GCC can build the same code. clang can compile a simple program that uses vpermxor, so I suspect the issue is related to the other operations in the for loop.

Comment 1 Jinsong Ji 2018-09-10 12:26:24 PDT

Looks like also duplicate (or at least part of the clean up work) to https://bugs.llvm.org/show_bug.cgi?id=31177.

Reduced case:

$ cat reduced.ll 
; ModuleID = 'bugpoint-reduced-simplified.ll'
source_filename = "t.c"
target datalayout = "e-m:e-i64:64-n32:64"
target triple = "powerpc64le-unknown-linux-gnu"

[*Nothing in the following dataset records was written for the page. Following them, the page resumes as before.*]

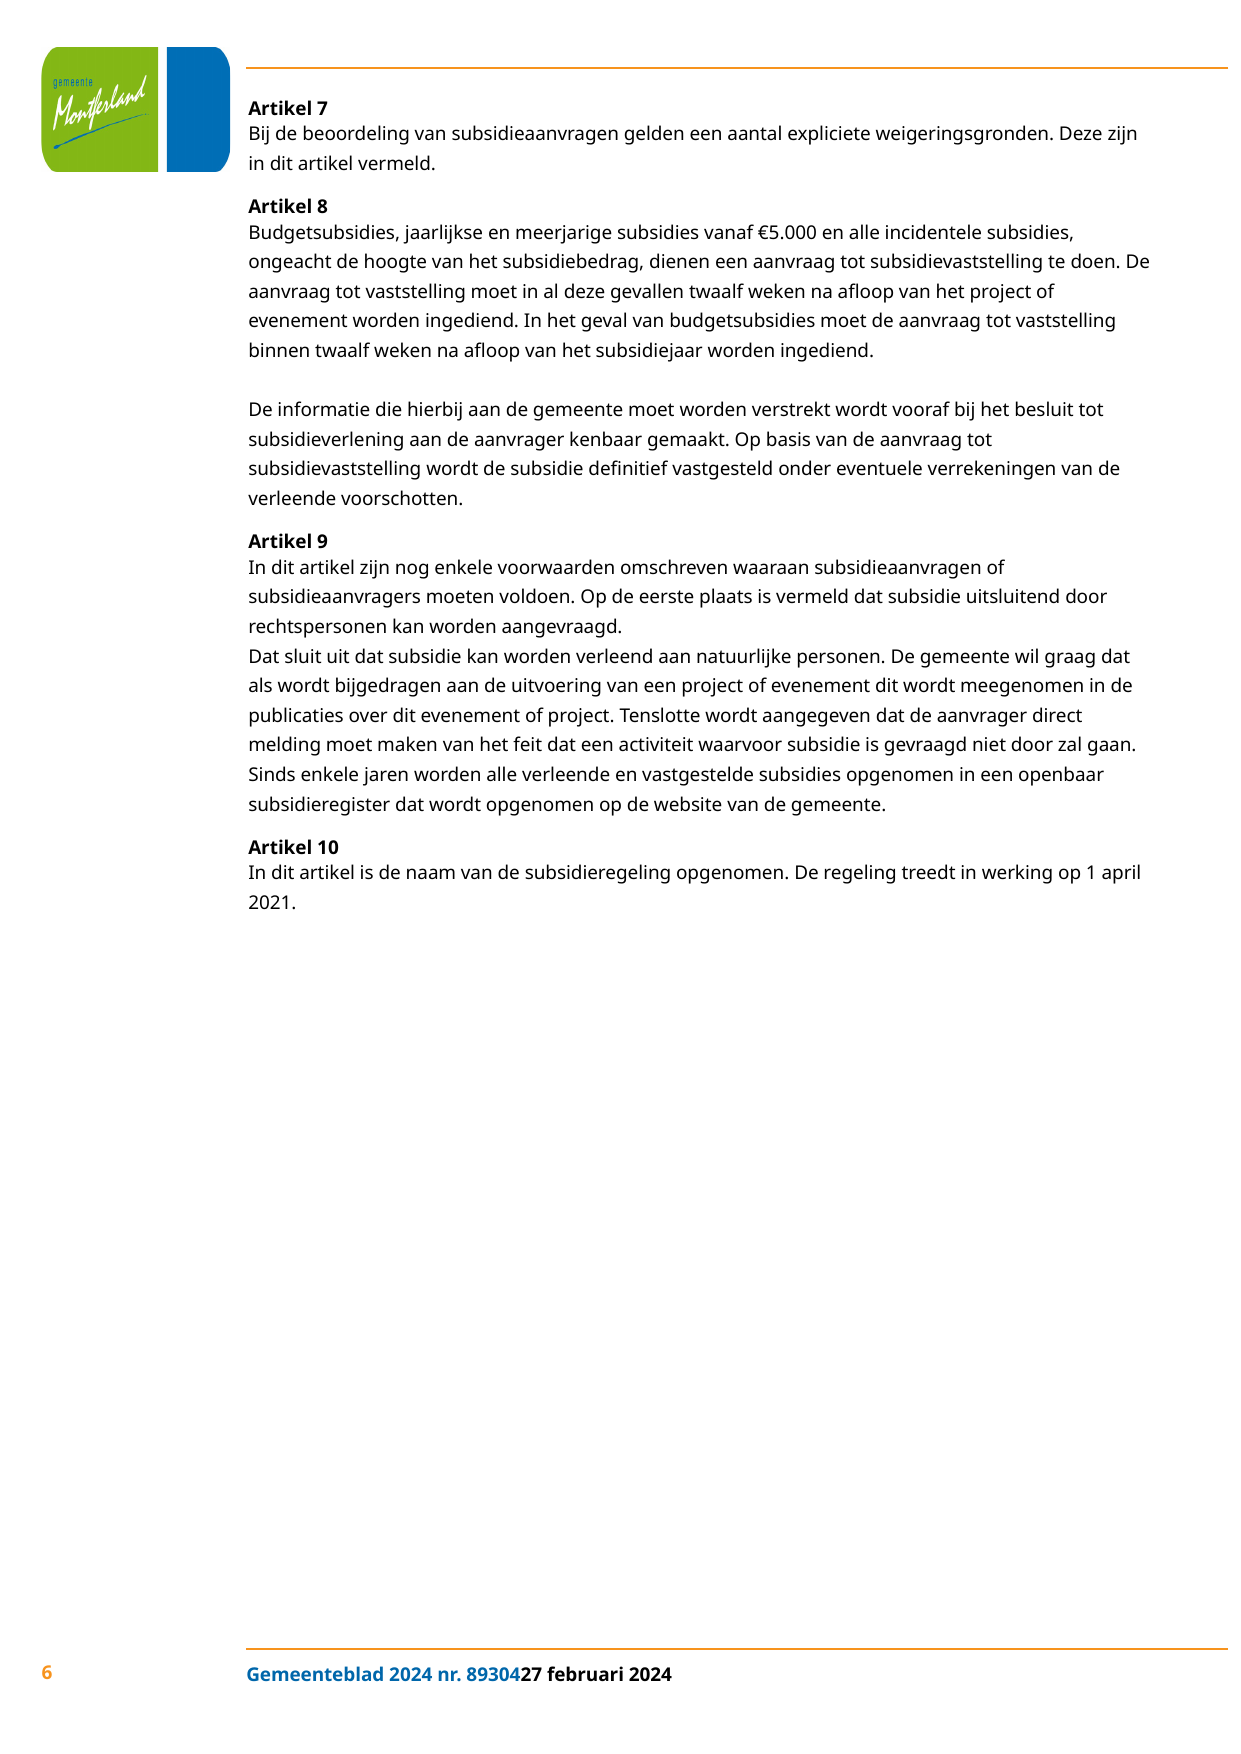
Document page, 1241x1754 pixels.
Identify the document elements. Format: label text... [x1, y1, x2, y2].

picture [41, 47, 231, 172]
text Artikel 10 [248, 834, 1152, 859]
text Artikel 8 [248, 193, 1152, 219]
text Artikel 7 [248, 95, 1152, 121]
text Dat sluit uit dat subsidie kan worden verleend aan natuurlijke personen. De gemeente wil graag dat als wordt bijgedragen aan de uitvoering van een project of evenement dit wordt meegenomen in de publicaties over dit evenement of project. Tenslotte wordt aangegeven dat de aanvrager direct melding moet maken van het feit dat een activiteit waarvoor subsidie is gevraagd niet door zal gaan. [248, 643, 1152, 757]
text Budgetsubsidies, jaarlijkse en meerjarige subsidies vanaf €5.000 en alle incidentele subsidies, ongeacht de hoogte van het subsidiebedrag, dienen een aanvraag tot subsidievaststelling te doen. De aanvraag tot vaststelling moet in al deze gevallen twaalf weken na afloop van het project of evenement worden ingediend. In het geval van budgetsubsidies moet de aanvraag tot vaststelling binnen twaalf weken na afloop van het subsidiejaar worden ingediend. [248, 219, 1152, 363]
text Sinds enkele jaren worden alle verleende en vastgestelde subsidies opgenomen in een openbaar subsidieregister dat wordt opgenomen op de website van de gemeente. [248, 761, 1152, 816]
text In dit artikel zijn nog enkele voorwaarden omschreven waaraan subsidieaanvragen of subsidieaanvragers moeten voldoen. Op de eerste plaats is vermeld dat subsidie uitsluitend door rechtspersonen kan worden aangevraagd. [248, 554, 1152, 639]
text De informatie die hierbij aan de gemeente moet worden verstrekt wordt vooraf bij het besluit tot subsidieverlening aan de aanvrager kenbaar gemaakt. Op basis van de aanvraag tot subsidievaststelling wordt de subsidie definitief vastgesteld onder eventuele verrekeningen van de verleende voorschotten. [248, 396, 1152, 511]
text Bij de beoordeling van subsidieaanvragen gelden een aantal expliciete weigeringsgronden. Deze zijn in dit artikel vermeld. [248, 121, 1152, 176]
text Artikel 9 [248, 528, 1152, 554]
text In dit artikel is de naam van de subsidieregeling opgenomen. De regeling treedt in werking op 1 april 2021. [248, 859, 1152, 915]
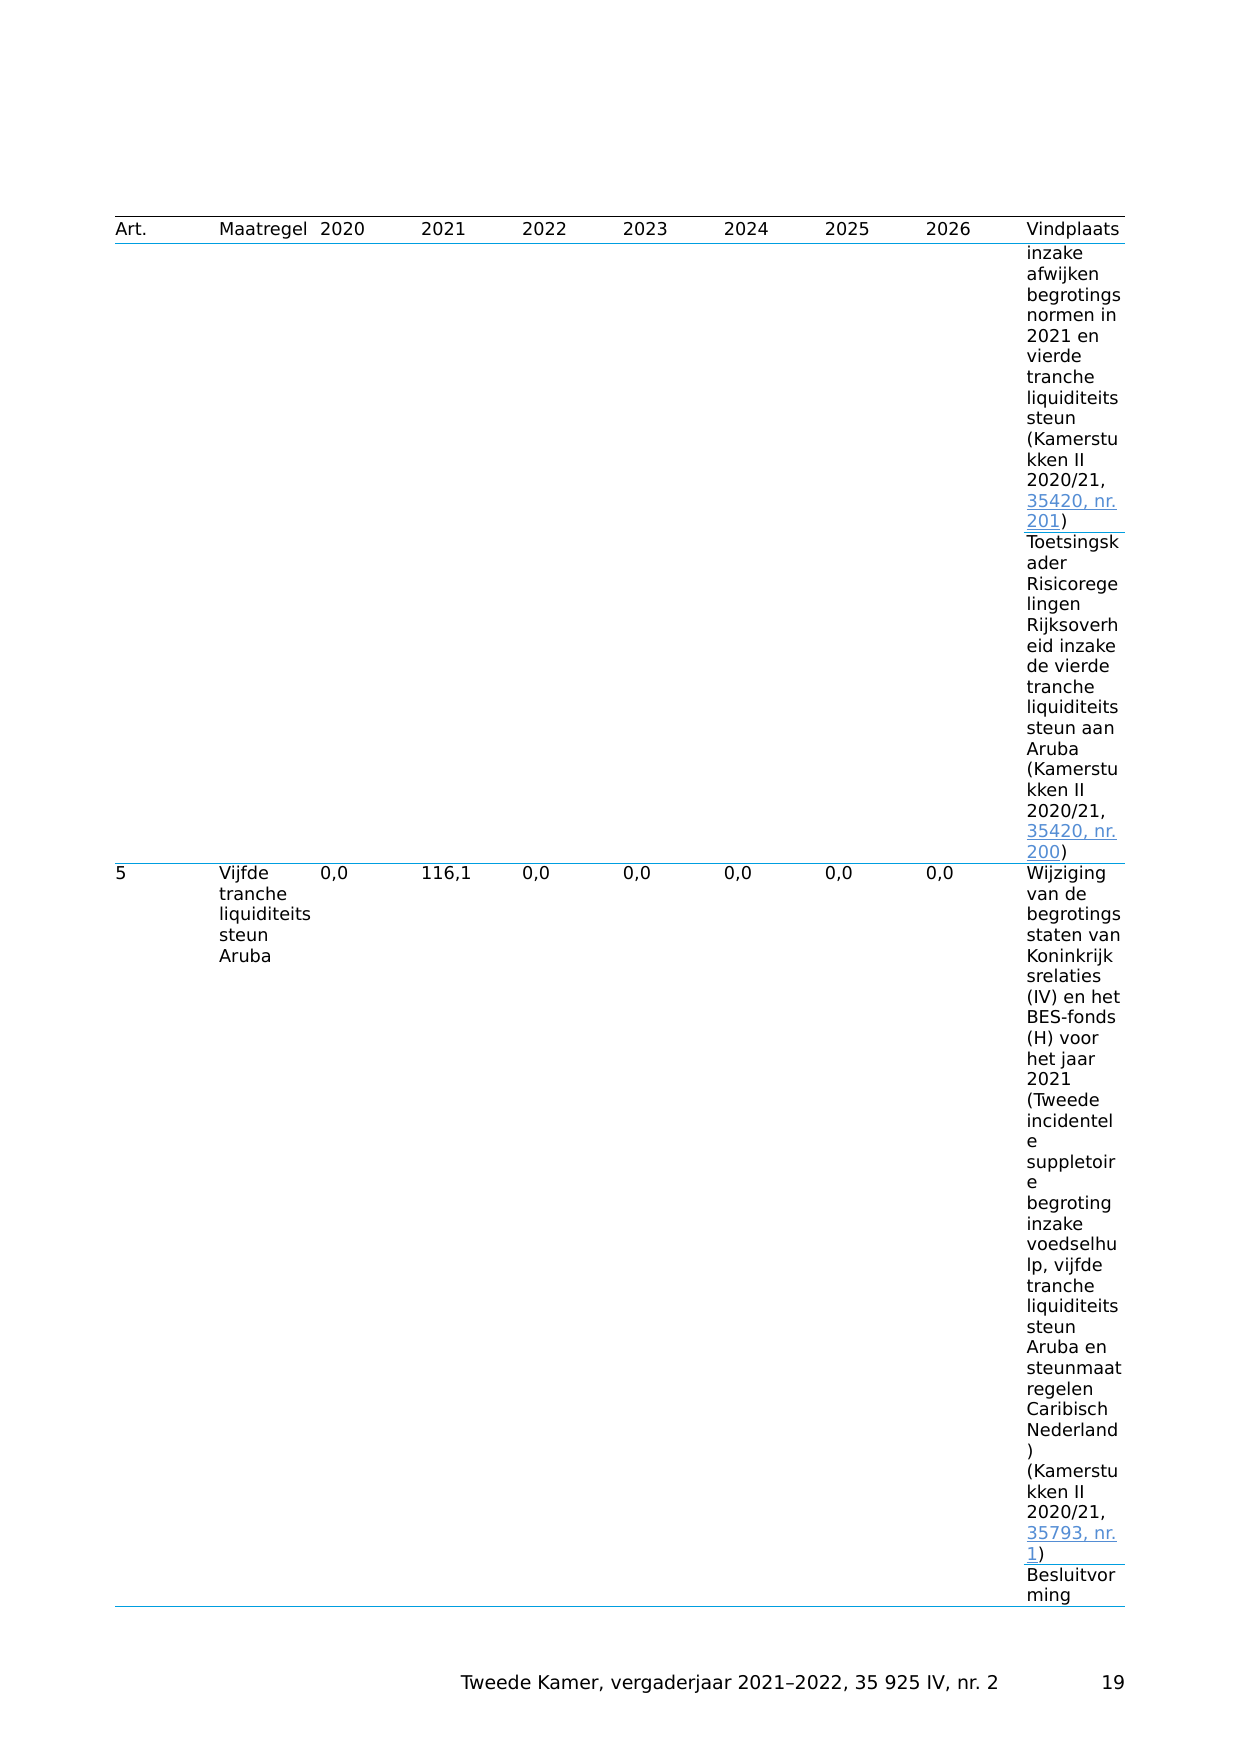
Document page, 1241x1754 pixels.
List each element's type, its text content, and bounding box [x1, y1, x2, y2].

table_cell [216, 244, 317, 862]
table_cell Maatregel [216, 217, 317, 243]
table_cell Toetsingskader Risicoregelingen Rijksoverheid inzake de vierde tranche liquiditeitssteun aan Aruba (Kamerstukken II 2020/21, 35420, nr. 200) [1024, 533, 1125, 862]
table_cell 0,0 [620, 864, 721, 1606]
table_cell Art. [115, 217, 216, 243]
table_cell [923, 244, 1023, 862]
table_cell [822, 244, 923, 862]
table_cell [721, 244, 822, 862]
table_cell 0,0 [721, 864, 822, 1606]
table_cell [519, 244, 620, 862]
table_cell 2022 [519, 217, 620, 243]
table_cell 2024 [721, 217, 822, 243]
table_cell 0,0 [822, 864, 923, 1606]
table_cell 0,0 [923, 864, 1023, 1606]
table_cell 2020 [317, 217, 418, 243]
table_cell Vijfde tranche liquiditeitssteun Aruba [216, 864, 317, 1606]
table_cell Wijziging van de begrotingsstaten van Koninkrijksrelaties (IV) en het BES-fonds (H) voor het jaar 2021 (Tweede incidentele suppletoire begroting inzake voedselhulp, vijfde tranche liquiditeitssteun Aruba en steunmaatregelen Caribisch Nederland) (Kamerstukken II 2020/21, 35793, nr. 1) [1024, 864, 1125, 1564]
table_cell 2025 [822, 217, 923, 243]
table_cell inzake afwijken begrotingsnormen in 2021 en vierde tranche liquiditeitssteun (Kamerstukken II 2020/21, 35420, nr. 201) [1024, 244, 1125, 532]
table_cell [418, 244, 519, 862]
table_cell [115, 244, 216, 862]
table_cell [620, 244, 721, 862]
table_cell [317, 244, 418, 862]
table_header Tabel 2 Begrote uitgaven aan coronamaatregelen op de begroting Koninkrijksrelaties (bedragen x € 1 mln.) [115, 191, 1125, 216]
table_cell 0,0 [317, 864, 418, 1606]
table_cell 2026 [923, 217, 1023, 243]
table_cell Besluitvorming [1024, 1565, 1125, 1606]
table_cell 116,1 [418, 864, 519, 1606]
table_cell 2021 [418, 217, 519, 243]
table_cell 5 [115, 864, 216, 1606]
table_cell Vindplaats [1024, 217, 1125, 243]
table_cell 0,0 [519, 864, 620, 1606]
table_cell 2023 [620, 217, 721, 243]

; Function Attrs: noinline nounwind
define void @raid6_vpermxor1_gen_syndrome_real() local_unnamed_addr #0 {
  %1 = tail call <16 x i8> asm ".long (0x1000002d $| ((($0) & 0x1f) << 21) $| ((($1) & 0x1f) << 16) $| ((($2) & 0x1f) << 11) $| ((($3) & 0x1f) << 6)) ", "=v,v,v,v"(<16 x i8> <i8 -3, i8 -35, i8 -67, i8 -99, i8 125, i8 93, i8 61, i8 29, i8 -32, i8 -64, i8 -96, i8 -128, i8 96, i8 64, i8 32, i8 0>, <16 x i8> <i8 30, i8 28, i8 26, i8 24, i8 22, i8 20, i8 18, i8 16, i8 14, i8 12, i8 10, i8 8, i8 6, i8 4, i8 2, i8 0>, <16 x i8> undef) #1, !srcloc !1
  %2 = xor <16 x i8> %1, undef
  unreachable
}

attributes #0 = { noinline nounwind "correctly-rounded-divide-sqrt-fp-math"="false" "disable-tail-calls"="false" "less-precise-fpmad"="false" "min-legal-vector-width"="128" "no-frame-pointer-elim"="false" "no-infs-fp-math"="false" "no-jump-tables"="false" "no-nans-fp-math"="false" "no-signed-zeros-fp-math"="false" "no-trapping-math"="false" "stack-protector-buffer-size"="8" "target-cpu"="ppc64le" "target-features"="+altivec,+bpermd,+crypto,+direct-move,+extdiv,+htm,+power8-vector,+vsx,-power9-vector,-qpx" "unsafe-fp-math"="false" }
attributes #1 = { nounwind readnone }

!llvm.ident = !{!0}

!0 = !{!"clang version 8.0.0 "}
!1 = !{i32 923}
$ llc reduced.ll -mattr=-hard-float
error: couldn't allocate output register for constraint 'v' at line 923
$ llc reduced.ll

Comment 2 Nemanja Ivanovic 2020-05-26 05:19:32 PDT

This seems to have dropped off the radar. Is this still an issue? If not, can we close the PR?